0

Einmalige Inklusive Sozialgenossenschaft "Wir“ in Regensburg

Es ist ein einmaliges Projekt auf einem ehemaligen Kasernengelände in Regensburg: Behinderte und Nichtbehinderte Menschen leben gemeinsam in einer Wohnanlage auf einem rund 4000 Quadratmeter großen Areal zusammen.

Von: Tom Fleckenstein

Stand: 07.12.2017

Es ist genau das, was die UN Behindertenrechts-Konvention seit 2006 fordert, nämlich die gleichberechtigte Teilhabe von behinderten Menschen in der Gesellschaft. Was aber in der Praxis oft doch nicht geschafft wird: Chancengleichheit und mehr Bewusstsein für Menschen mit Handicap.

"Wir" in Regensburg

Wir steht dabei für Wohnen – Inklusiv – Regensburg. Aber auch für das "Wir" Gefühl. Außerdem ermöglicht das genossenschaftliche Modell noch eine weitere Chance: bezahlbarer Wohnraum in Bayern. Hier bleiben die Mieten stabil – ein Leben lang.

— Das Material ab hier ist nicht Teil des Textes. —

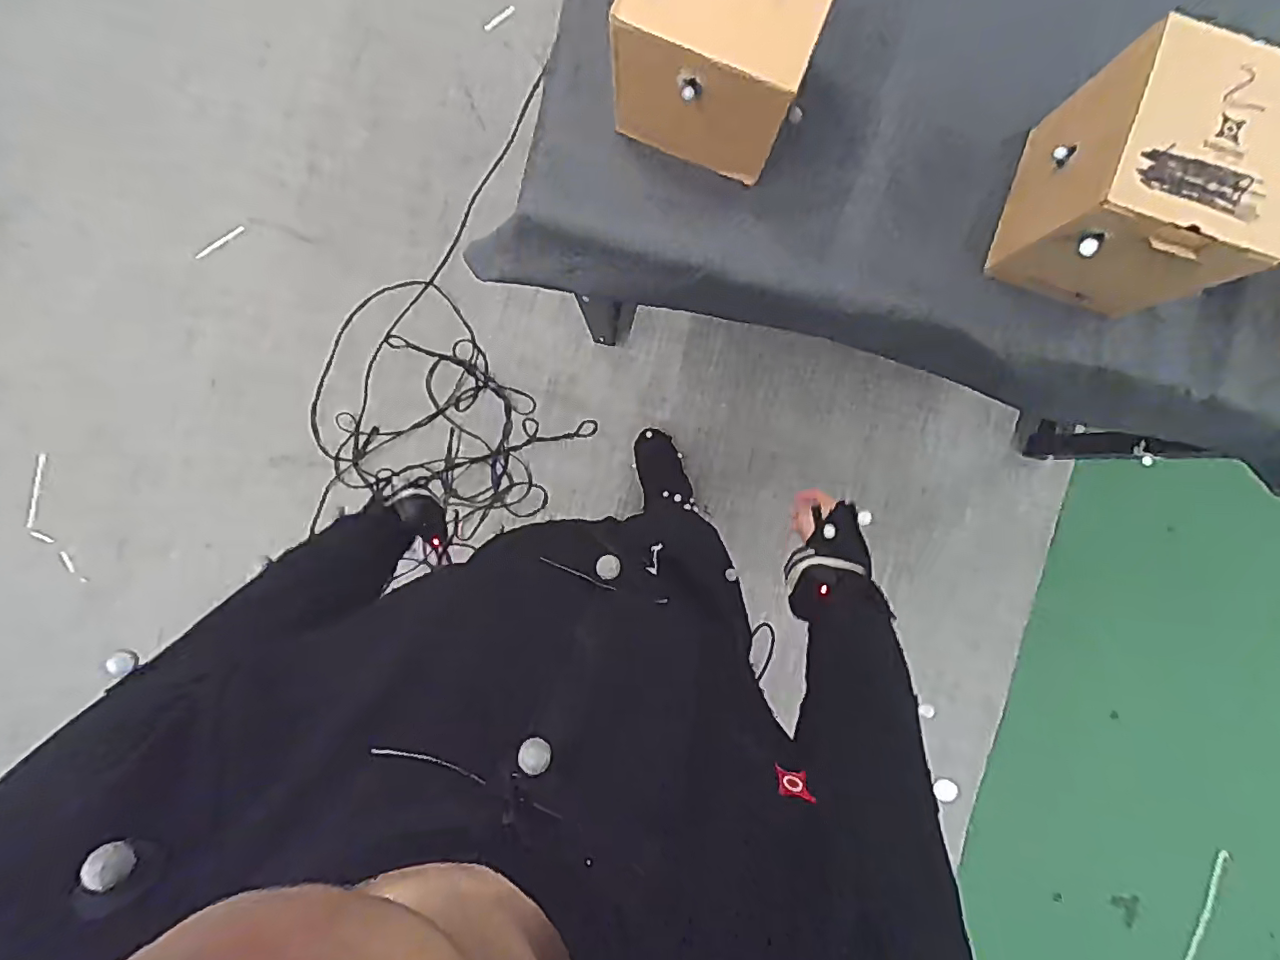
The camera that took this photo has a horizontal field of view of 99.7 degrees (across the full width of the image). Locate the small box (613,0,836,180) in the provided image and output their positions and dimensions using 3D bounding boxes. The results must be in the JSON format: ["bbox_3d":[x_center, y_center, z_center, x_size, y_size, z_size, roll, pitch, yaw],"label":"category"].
[{"bbox_3d":[0.084,-0.440,0.542,0.179,0.176,0.168,21,93,-2],"label":"small box"}]

Diagnose: Angelman-Syndrom

Annette Fischer ist die große Antreiberin und Initiatorin des Projekts.

Annette Fischer ist die große Antreiberin und Initiatorin des Projekts. Als 1993 ihr Sohn Jakob auf die Welt kam, hatte er eine genetische Veränderung auf Chromosom 15. Die Diagnose: Angelman-Syndrom, benannt nach dem englischen Arzt, der die geistige Behinderung als erster entdeckte. 800 Menschen weltweit sind betroffen. Sie lachen oft, auch unvermittelt, sprechen aber wenig und zeigen autistische Züge.

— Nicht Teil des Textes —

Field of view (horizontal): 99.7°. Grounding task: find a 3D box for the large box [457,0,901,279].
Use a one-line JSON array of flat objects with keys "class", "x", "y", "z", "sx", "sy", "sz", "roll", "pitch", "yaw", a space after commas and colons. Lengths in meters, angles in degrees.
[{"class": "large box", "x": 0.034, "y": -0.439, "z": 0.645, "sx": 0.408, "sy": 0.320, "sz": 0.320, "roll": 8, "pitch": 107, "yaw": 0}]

Seither macht sich Annette Fischer, die ihren Beruf als Juristin aufgeben musste, Gedanken, wie ihr Sohn in Zukunft einmal leben wird, wenn sie ihn nicht mehr betreuen kann. Die letzten Jahre wohnte er in einer stationären Einrichtung mit anderen geistig Behinderten und kam am Wochenende nach Hause. Doch jetzt in der neuen Wohnanlage blüht er richtig auf. Unter Tags arbeitet er in der Wäscherei der Lebenshilfe, Abends kommt er nach Hause und kocht in der großen Wohnküche gemeinsam mit zwölf anderen geistig Behinderten, betreut von Pflegern der Lebenshilfe.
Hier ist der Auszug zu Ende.